Hi! Hope you guys are doing well.
I am trying to speed up the learning process of my robot in custom env, and want to use multiprocessing to enhance the training speed. As far as know, since openai_ros fetch the sensor datas by subscribing it we might need to launch multiple simulations environment to multiprocess.

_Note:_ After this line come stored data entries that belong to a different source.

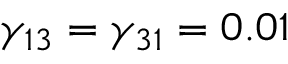Convert formula to latex. <formula><loc_0><loc_0><loc_500><loc_500>\gamma _ { 1 3 } = \gamma _ { 3 1 } = 0 . 0 1</formula> 
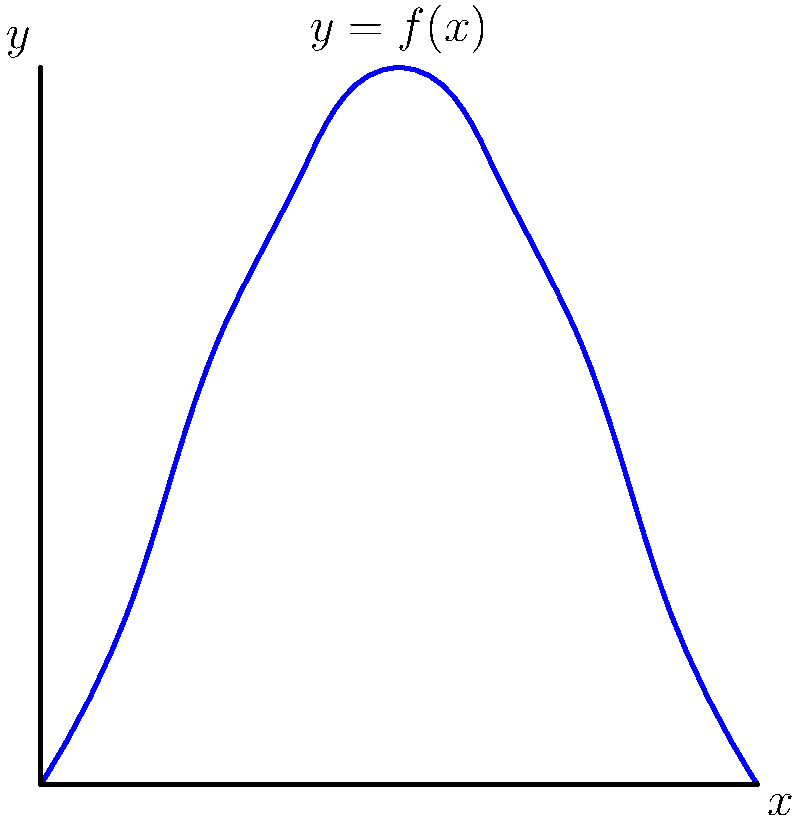A renowned French winemaker has designed a unique wine bottle inspired by the Eiffel Tower. The silhouette of the bottle is represented by the function $y = f(x)$ in centimeters, where $x$ is the distance from the base and $y$ is the radius at that point. If the bottle is 8 cm tall, calculate its volume in cubic centimeters using the method of disc integration. To solve this problem, we'll use the disc method of integration:

1) The volume of a solid of revolution is given by:
   $$V = \pi \int_a^b [f(x)]^2 dx$$

2) In this case, $a = 0$ and $b = 8$ (the height of the bottle in cm).

3) We don't have an explicit function for $f(x)$, but we can express the volume as:
   $$V = \pi \int_0^8 [f(x)]^2 dx$$

4) This integral represents the sum of the volumes of infinitesimally thin discs stacked from the base to the top of the bottle.

5) Without a specific function, we can't evaluate this integral analytically. In practice, numerical methods like the trapezoidal rule or Simpson's rule would be used to approximate the integral.

6) The result would be in cubic centimeters (cm³) as we're integrating over centimeters and squaring the radius (also in cm).

Note: In a real-world scenario, the winemaker would need to provide more specific data about the bottle's shape to calculate an exact volume.
Answer: $V = \pi \int_0^8 [f(x)]^2 dx$ cm³ 
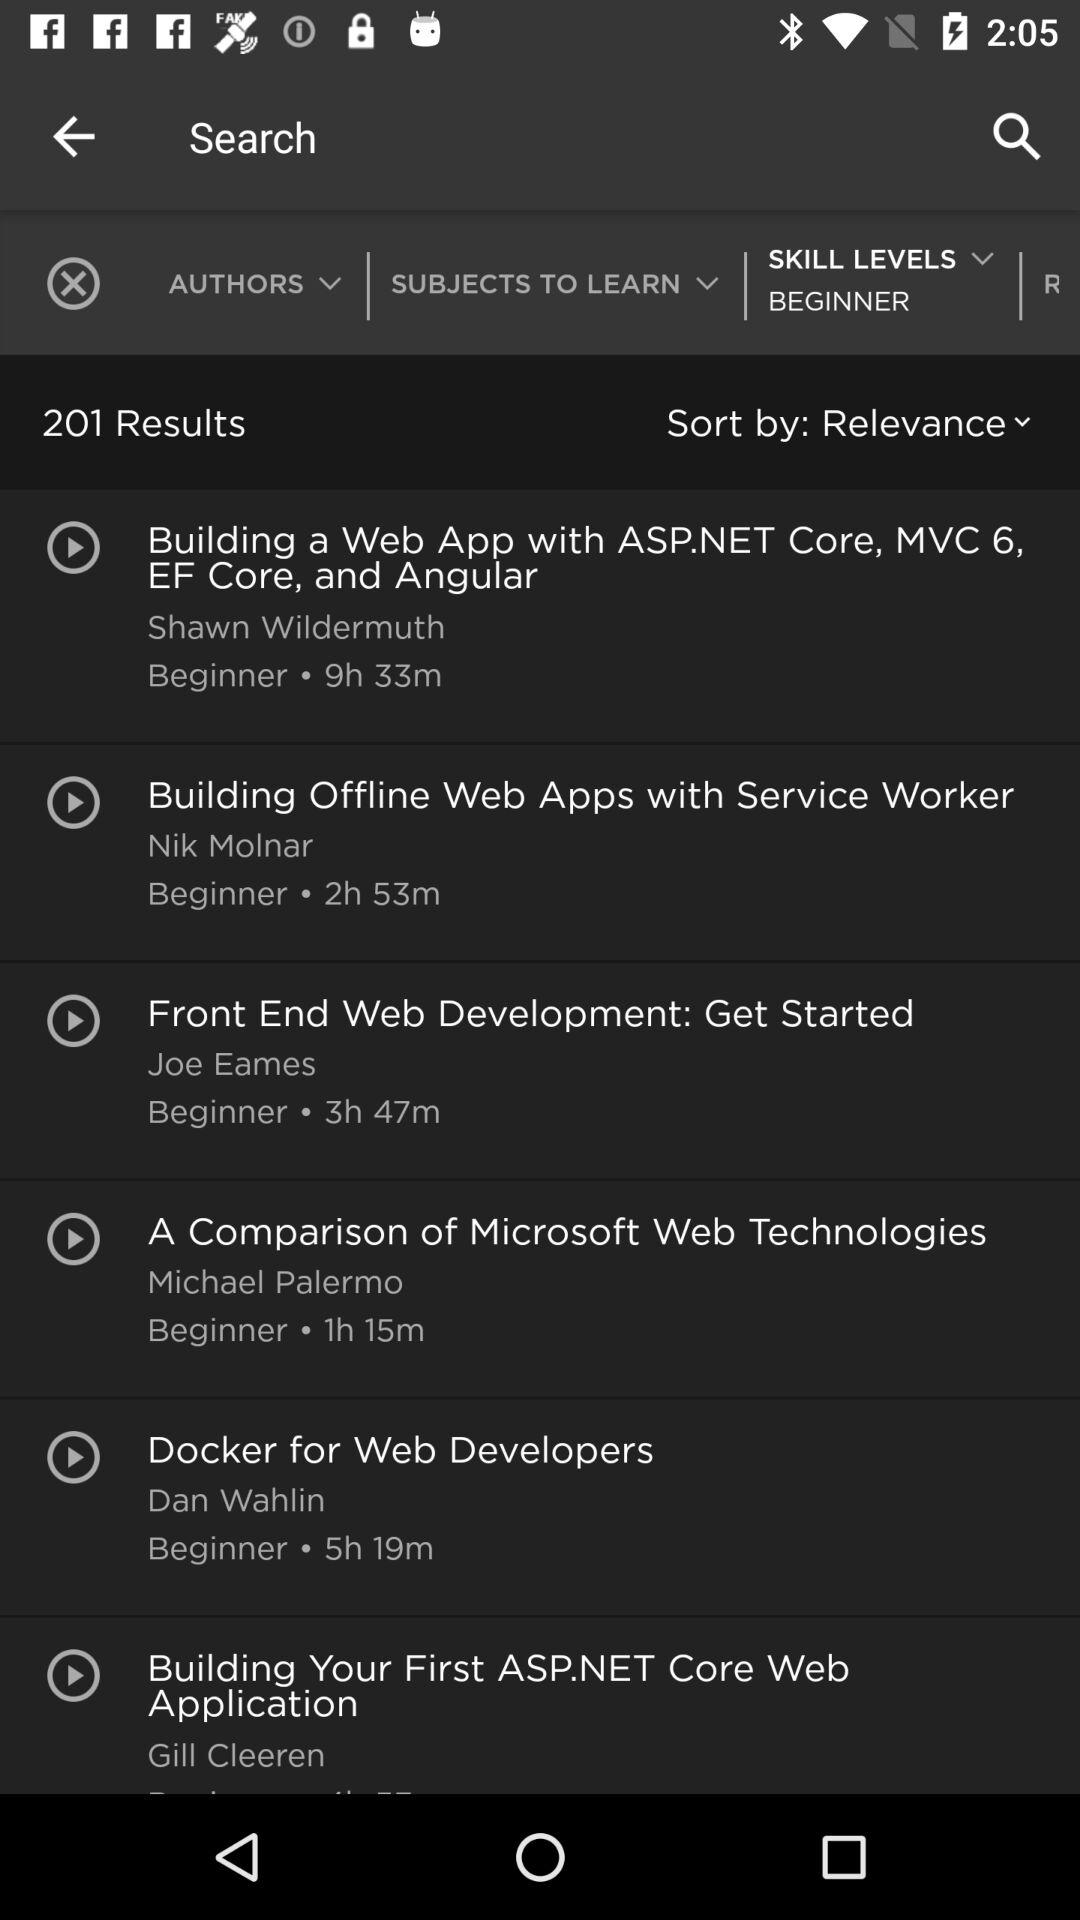What is the name of the video whose duration is 5 hours and 19 minutes? The name of the video is "Docker for Web Developers". 
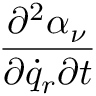Convert formula to latex. <formula><loc_0><loc_0><loc_500><loc_500>\frac { \partial ^ { 2 } \alpha _ { \nu } } { \partial { \dot { q } } _ { r } \partial t }</formula> 
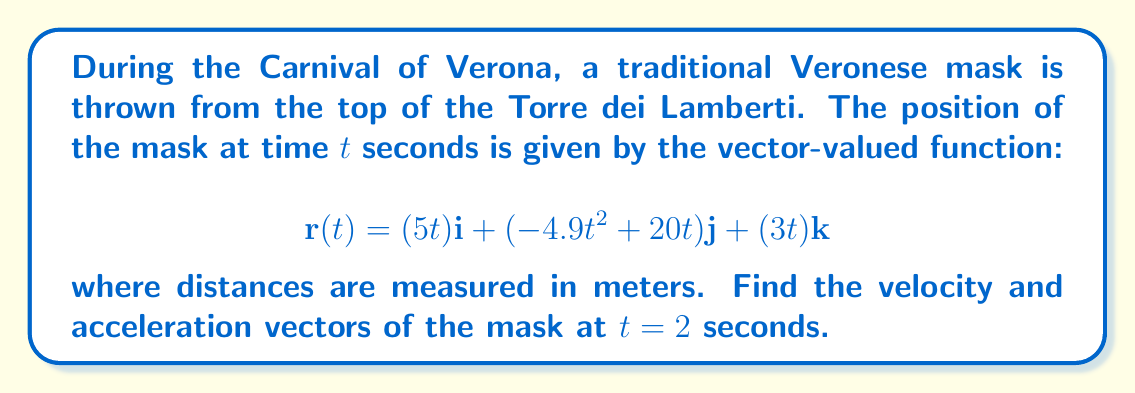Could you help me with this problem? To solve this problem, we need to find the first and second derivatives of the position function $\mathbf{r}(t)$.

1. Velocity vector:
The velocity vector $\mathbf{v}(t)$ is the first derivative of the position vector $\mathbf{r}(t)$.

$$\mathbf{v}(t) = \frac{d}{dt}\mathbf{r}(t) = \frac{d}{dt}(5t)\mathbf{i} + \frac{d}{dt}(-4.9t^2 + 20t)\mathbf{j} + \frac{d}{dt}(3t)\mathbf{k}$$

$$\mathbf{v}(t) = 5\mathbf{i} + (-9.8t + 20)\mathbf{j} + 3\mathbf{k}$$

At $t = 2$ seconds:

$$\mathbf{v}(2) = 5\mathbf{i} + (-9.8(2) + 20)\mathbf{j} + 3\mathbf{k} = 5\mathbf{i} + 0.4\mathbf{j} + 3\mathbf{k}$$

2. Acceleration vector:
The acceleration vector $\mathbf{a}(t)$ is the second derivative of the position vector $\mathbf{r}(t)$, or the first derivative of the velocity vector $\mathbf{v}(t)$.

$$\mathbf{a}(t) = \frac{d}{dt}\mathbf{v}(t) = \frac{d}{dt}(5)\mathbf{i} + \frac{d}{dt}(-9.8t + 20)\mathbf{j} + \frac{d}{dt}(3)\mathbf{k}$$

$$\mathbf{a}(t) = 0\mathbf{i} + (-9.8)\mathbf{j} + 0\mathbf{k}$$

The acceleration vector is constant and doesn't depend on time, so it's the same at $t = 2$ seconds:

$$\mathbf{a}(2) = 0\mathbf{i} + (-9.8)\mathbf{j} + 0\mathbf{k}$$
Answer: Velocity vector at $t = 2$ seconds: $\mathbf{v}(2) = 5\mathbf{i} + 0.4\mathbf{j} + 3\mathbf{k}$ m/s
Acceleration vector at $t = 2$ seconds: $\mathbf{a}(2) = 0\mathbf{i} + (-9.8)\mathbf{j} + 0\mathbf{k}$ m/s²

Since I don’t know how to do implement this, I’m just training my robot with nenv = 1. Is there a way to enhance the learning process by launching multiple sim env at the same time and train in parallel?
Any kind of answer would be highly appreciated thanks.
Taehyoung
#!/usr/bin/env python
# ROS packages required
import rospy
import rospkg
# Dependencies required
import gym
import os
import numpy as np
import pandas as pd
import time
from stable_baselines3.common.vec_env import DummyVecEnv
from stable_baselines3 import DDPG, PPO, A2C, TD3, SAC
from stable_baselines3.common.monitor import Monitor
# import our task environment
import hummingbird_hover_task_env_a2c
# import hummingbird_hover_task_env_ppo
# from openai_ros.task_envs.cartpole_stay_up import stay_up
# ROS ENV gets started automatically before the training
# from openai_ros.openai_ros_common import StartOpenAI_ROS_Environment -- This has to be solved at the end
# change the directory
os.chdir('/home/ubuntu/catkin_ws/src/hummingbird_pkg/')

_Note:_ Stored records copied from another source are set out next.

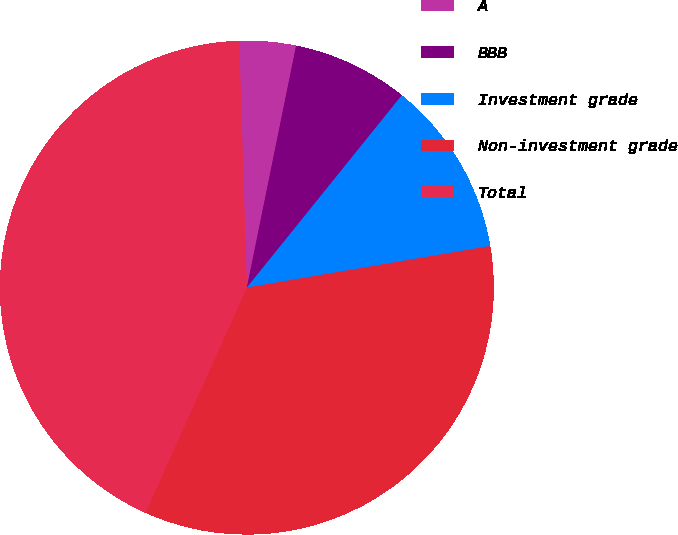<chart> <loc_0><loc_0><loc_500><loc_500><pie_chart><fcel>A<fcel>BBB<fcel>Investment grade<fcel>Non-investment grade<fcel>Total<nl><fcel>3.69%<fcel>7.6%<fcel>11.51%<fcel>34.43%<fcel>42.77%<nl></chart> 
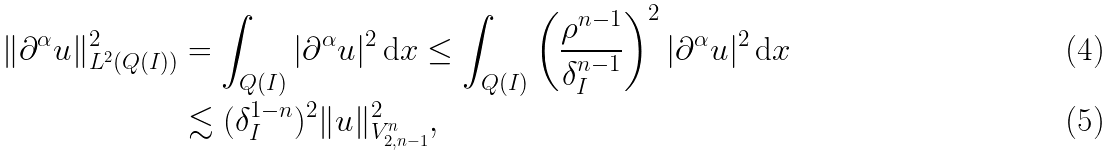Convert formula to latex. <formula><loc_0><loc_0><loc_500><loc_500>\| \partial ^ { \alpha } u \| _ { L ^ { 2 } ( Q ( I ) ) } ^ { 2 } & = \int _ { Q ( I ) } | \partial ^ { \alpha } u | ^ { 2 } \, \mathrm d x \leq \int _ { Q ( I ) } \left ( \frac { \rho ^ { n - 1 } } { \delta _ { I } ^ { n - 1 } } \right ) ^ { 2 } | \partial ^ { \alpha } u | ^ { 2 } \, \mathrm d x \\ & \lesssim ( \delta _ { I } ^ { 1 - n } ) ^ { 2 } \| u \| _ { V ^ { n } _ { 2 , n - 1 } } ^ { 2 } ,</formula> 
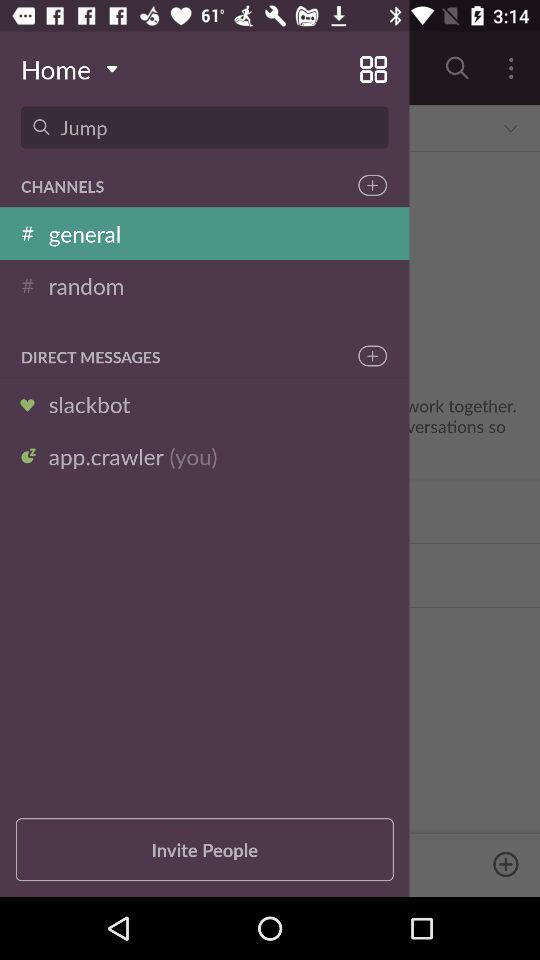What is the username? The usernames are "slackbot" and "app.crawler".

rospy.init_node('hummingbird_training_test', anonymous=True, log_level=rospy.FATAL)
# Create the Gym environment
environment_name = rospy.get_param('/hummingbird/task_and_robot_environment_name')

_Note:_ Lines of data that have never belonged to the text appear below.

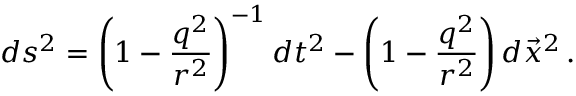<formula> <loc_0><loc_0><loc_500><loc_500>d s ^ { 2 } = \left ( 1 - \frac { q ^ { 2 } } { r ^ { 2 } } \right ) ^ { - 1 } d t ^ { 2 } - \left ( 1 - \frac { q ^ { 2 } } { r ^ { 2 } } \right ) d \vec { x } ^ { 2 } \, .</formula> 
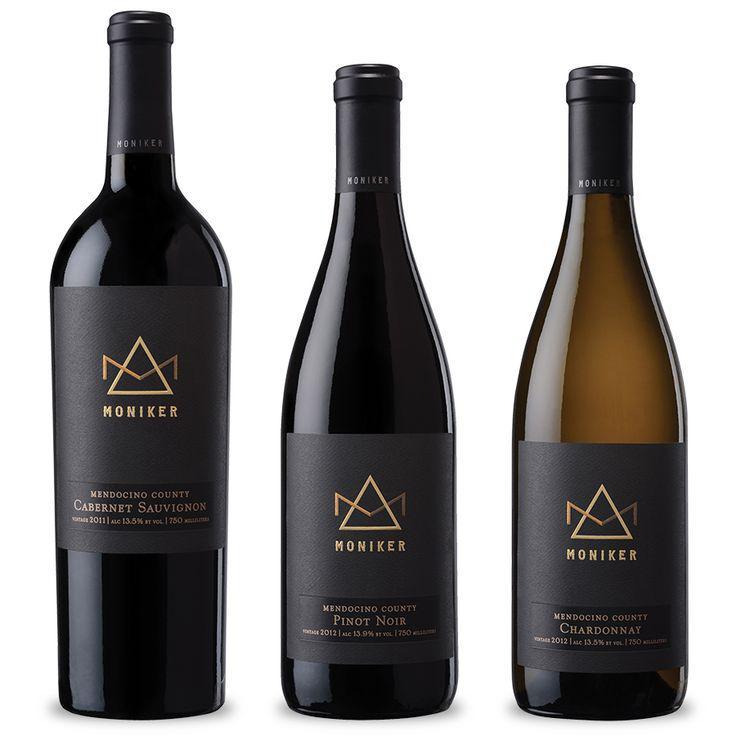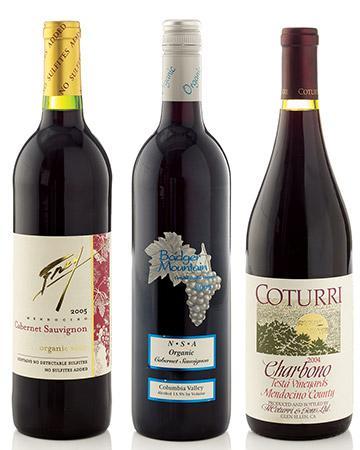The first image is the image on the left, the second image is the image on the right. Analyze the images presented: Is the assertion "There are three wine bottles against a plain white background in each image." valid? Answer yes or no. Yes. The first image is the image on the left, the second image is the image on the right. Analyze the images presented: Is the assertion "The three bottles in each image all different, but one set of three all have the same label, while one set has different labels." valid? Answer yes or no. Yes. The first image is the image on the left, the second image is the image on the right. Examine the images to the left and right. Is the description "An image shows a horizontal row of exactly three wine bottles, and the bottle on the left has a gold wrap over the cap." accurate? Answer yes or no. Yes. 
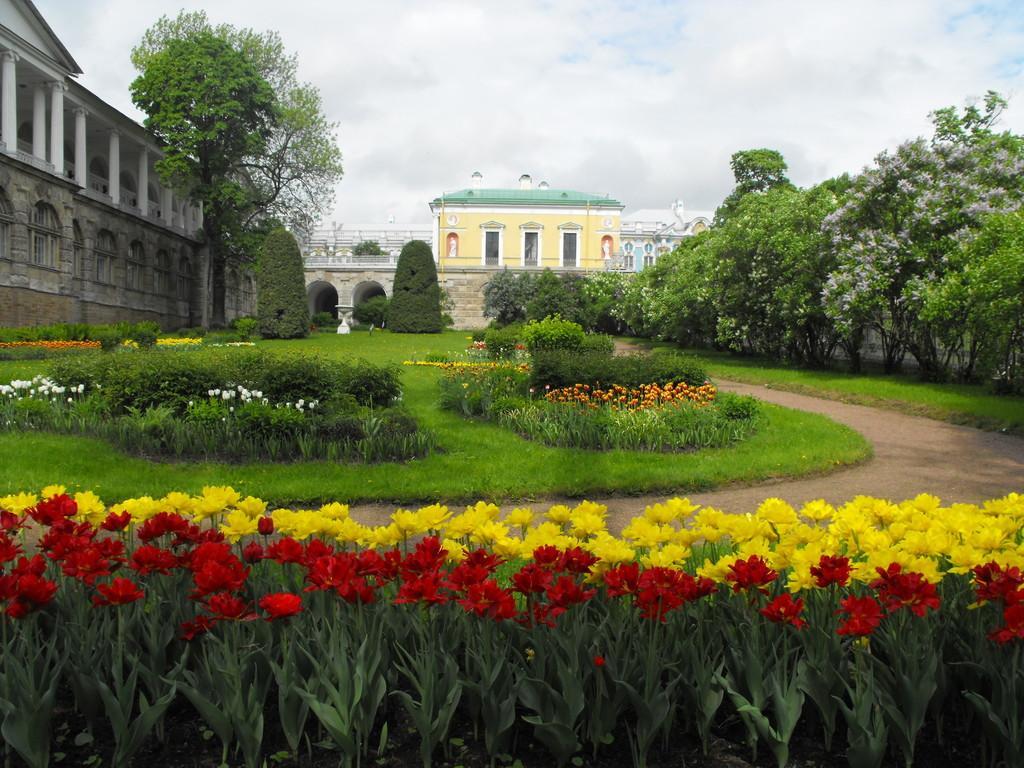Can you describe this image briefly? This picture is clicked outside the city. At the bottom of the picture, we see plants which have flowers and these flowers are in yellow and red color. Beside that, we see a road. Beside that, we see grass and plants which have flowers in white and orange color. On the right side, there are trees. In the background, we see a building in yellow and green color. We even see a railing and trees. On the left side, we see a building. At the top of the picture, we see the sky.

env = gym.make(environment_name)
env = DummyVecEnv([lambda: Monitor(env)])
# rospy.loginfo("Gym environment done")
# Set the logging system
rospack = rospkg.RosPack()
pkg_path = rospack.get_path('hummingbird_pkg')
outdir = pkg_path + '/training_results'
# # env = wrappers.Monitor(env, outdir, force=True)
# # rospy.loginfo("Monitor Wrapper started")
model_list = [
# A2C(MlpPolicy, env, verbose=1, tensorboard_log="/home/ubuntu/catkin_ws/src/hummingbird_pkg/results/tensorboard_logs/A2C/"),
PPO("MlpPolicy", env, verbose=1, ent_coef=0.001, tensorboard_log="/home/ubuntu/catkin_ws/src/hummingbird_pkg/results/tensorboard_logs/PPO/"),
# DDPG(MlpPolicy, env, verbose=1, ent_coef=0.001, learning_rate=0.0005, tensorboard_log="/home/ubuntu/catkin_ws/src/hummingbird_pkg/results/tensorboard_logs/DDPG/"),
# TD3(MlpPolicy, env, verbose=1, tensorboard_log="/home/ubuntu/catkin_ws/src/hummingbird_pkg/results/tensorboard_logs/TD3/"),
# SAC(MlpPolicy, env, verbose=1, tensorboard_log="/home/ubuntu/catkin_ws/src/hummingbird_pkg/results/tensorboard_logs/SAC/")
]
algo_list = [
# 'A2C',
'PPO',
# 'DDPG',
# 'TD3',
# 'SAC'
]
training_time_list = []
for model, algo in zip(model_list, algo_list):
print(model)
start = time.time()
model.learn(total_timesteps=300000)
end = time.time()
training_time_list.append((end-start)*1000)
model.save("/home/ubuntu/catkin_ws/src/hummingbird_pkg/results/trained_model"+"_"+algo)
df = pd.DataFrame(list(zip(algo_list, training_time_list)), columns=['algo', 'train_time (ms)'])
df.to_csv('/home/ubuntu/catkin_ws/src/hummingbird_pkg/results/train_time.csv', index=False)
env.close()
I have customized the task and robot environment as the lecture suggest, and so far the simulation runs fine but i want to speed up the training process by multiprocessing! Looking forward to your answer.